Some "ABC good" intervals

I found a web page, http://www.minet.uni-jena.de/~aros/abc.html, with
a list of all 148 known "good" ABCs according to the definition you
will find there of "good" (there are others.) Cutting things off at
the 53-limit and keeping A small, I found the following, with names
if Manuel gives one on his web page:

(5) 4375/4374 = 5^4*7 / 2*3^7 "ragisma" (ragisma??)

(17) 32805/32768 = 3^8*5 / 2^15 = shisma

(19) 301327048/301327047 = 2^3*11*23*53^3 / 3^16*7

(30) 2401/2400 = 7^4 / 2^5*3*5^2 = "breedsma", presumably after our
very own Graham Breed. Congratulations, Graham!

(38) 63927525376/63927525375 = 2^13*11^4*13 *41 / 3^3*5^3*7^7*23

(47) 512001/512000 = 3^5*7^2*43 / 2^12 * 5^3 (How's 2^12*5^3 /
3^5*7^2 for an approximation to 43 in the 7-limit? It's all of 1/296
cents flat.)

(82) 128/125 = 2^7/5^3 = enharmonic diesis

(131) 282192773751/282192773120 = 3^3*7^10*37 / 2^26*5*29^2

Numero Uno on the list? 6436343/6436341 = 23^5 / 3^10*109; remember
that when you work in the 109-limit. Of course, many of these are not
best thought of in terms of the p-limit, but in the set of numbers
generated by their prime factors, and toss in 2.

--- In tuning-math@y..., genewardsmith@j... wrote:
> I found a web page, http://www.minet.uni-jena.de/~aros/abc.html,
with
> a list of all 148 known "good" ABCs according to the definition you
> will find there of "good" (there are others.)

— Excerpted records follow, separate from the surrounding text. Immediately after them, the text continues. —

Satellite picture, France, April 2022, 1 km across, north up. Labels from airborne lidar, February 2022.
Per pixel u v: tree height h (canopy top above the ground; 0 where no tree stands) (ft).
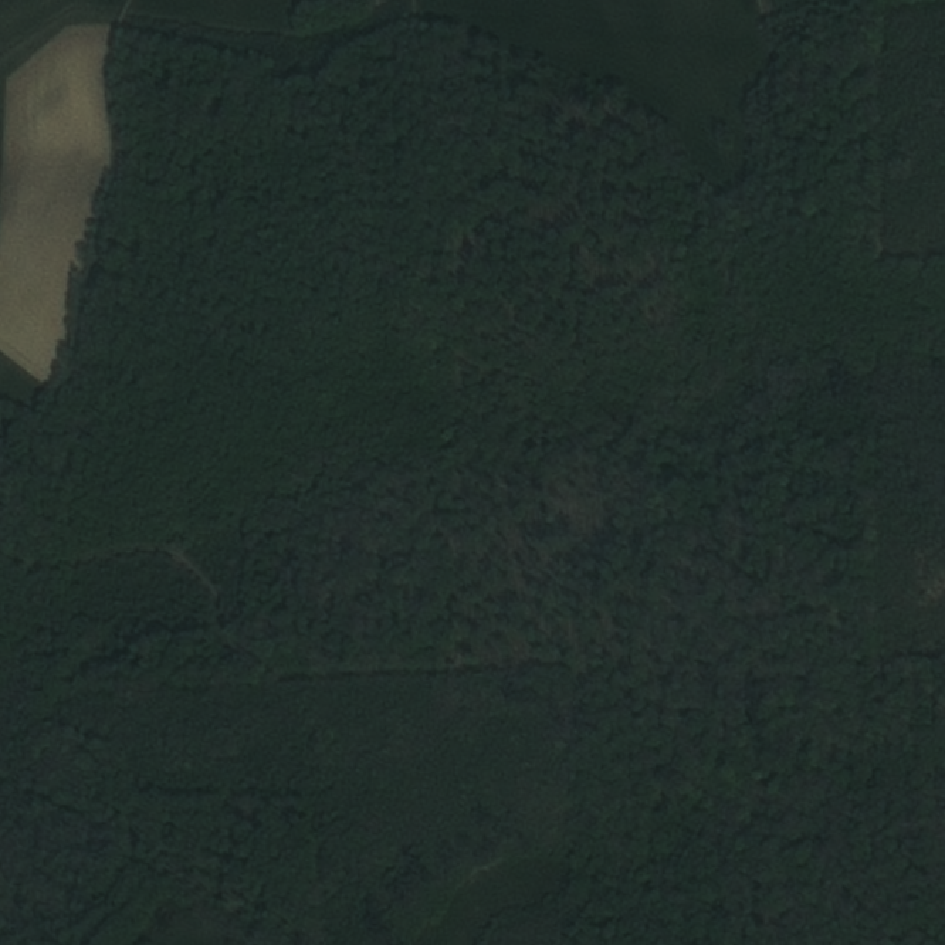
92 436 35
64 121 0
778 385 69
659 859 87
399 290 79
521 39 0
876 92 24
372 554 94
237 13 0
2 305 0
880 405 59
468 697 64
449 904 22
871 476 58
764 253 61
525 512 79
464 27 67
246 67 86
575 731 65
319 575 89
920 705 99
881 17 77
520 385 72
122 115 49
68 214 0
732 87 0
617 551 83
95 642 99
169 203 70
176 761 73
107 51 0
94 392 76
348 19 60
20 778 65
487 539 96
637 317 85
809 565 99
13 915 0
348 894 65
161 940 0
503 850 40
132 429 74
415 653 75
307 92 79
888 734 99
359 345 75
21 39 0
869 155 74
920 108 37
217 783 57
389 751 66
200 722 66
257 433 69
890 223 30
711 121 0
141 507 66
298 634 79
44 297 0
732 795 98
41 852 70
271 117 96
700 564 94
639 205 98
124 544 51
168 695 57
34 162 0
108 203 58
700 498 65
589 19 0
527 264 83
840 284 72
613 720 90
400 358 73
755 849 94
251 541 81
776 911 101
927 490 69
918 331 72
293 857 96
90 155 0
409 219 85
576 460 108
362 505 101
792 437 66
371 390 68
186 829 80
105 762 90
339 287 53
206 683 64
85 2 0
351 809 58
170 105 81
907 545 31
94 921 82
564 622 96
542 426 82
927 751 96
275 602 66
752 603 95
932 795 79
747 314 56
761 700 92
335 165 95
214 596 61
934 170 35
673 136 79
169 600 25
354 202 87
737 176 0
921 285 71
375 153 89
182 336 88
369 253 86
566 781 53
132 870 72
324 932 96
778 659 45
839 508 95
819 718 105
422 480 104
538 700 82
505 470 96
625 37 0
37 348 0
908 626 39
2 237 0
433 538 90
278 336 81
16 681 88
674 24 0
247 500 62
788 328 65
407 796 50
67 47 0
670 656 103
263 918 82
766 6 0
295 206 81
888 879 106
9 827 94
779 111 86
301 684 51
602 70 0
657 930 88
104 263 22
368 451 81
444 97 87
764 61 0
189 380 58
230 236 74
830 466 101
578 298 85
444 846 62
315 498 79
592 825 93
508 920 34
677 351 76
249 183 71
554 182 90
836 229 84
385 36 72
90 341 77
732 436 73
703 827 88
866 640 99
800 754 97
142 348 70
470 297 81
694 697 105
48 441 74
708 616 93
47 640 92
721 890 87
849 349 89
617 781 91
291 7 0
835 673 88
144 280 86
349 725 59
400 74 67
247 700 60
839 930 103
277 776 58
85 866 97
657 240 94
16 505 94
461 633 105
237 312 85
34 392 0
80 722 60
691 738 83
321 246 90
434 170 97
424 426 80
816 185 81
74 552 53
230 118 90
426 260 94
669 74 0
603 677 77
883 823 95
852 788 87
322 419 62
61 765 109
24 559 77
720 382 86
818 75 105
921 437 64
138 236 84
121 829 81
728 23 0
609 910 87
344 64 90
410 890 79
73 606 79
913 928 97
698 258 69
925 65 35
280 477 74
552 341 90
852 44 97
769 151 60
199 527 60
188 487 75
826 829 74
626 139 106
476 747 55
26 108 0
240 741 74
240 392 77
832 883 101
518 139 85
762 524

I don't see a definition there of "good", and most of these are not
superparticular ratios at all . . . so what, really, is the ABC
conjecture?

--- In tuning-math@y..., "Paul Erlich" <paul@s...> wrote:

> I don't see a definition there of "good", and most of these are not
> superparticular ratios at all . . . so what, really, is the ABC
> conjecture?

If we have three relatively prime positive integers A, B, C such that
A + B = C, and if we define a "radical" function rad(N) as the
product of the primes dividing N, we can look at C/rad(ABC); it turns
out that this can be arbitarily large. The ABC conjecture says that
C/rad(ABC)^e, for any e>1, cannot become arbitrarily large. It's a
conjecture in elementary number theory with a large number of very
powerful and not always elementary consequences, and since it is the
latest fad I thought of it when I saw that the list of m/n in the
p-limit, with |m-n|<d, should be finite. It seems it is also an easy
consequence of Baker's theorem, and hence is true--a useful thing to
know. Any ABC triple such that ln(C)/ln(rad(ABC)) > 1.4 is rather
arbitarily termed "good"; they are pretty rare and some of them turn
up in music theory, it seems. For superparticular ratios this measure
becomes ln(C)/ln(rad(BC)), and looking at the "goodness" of our
favorite commas might be interesting, I suppose.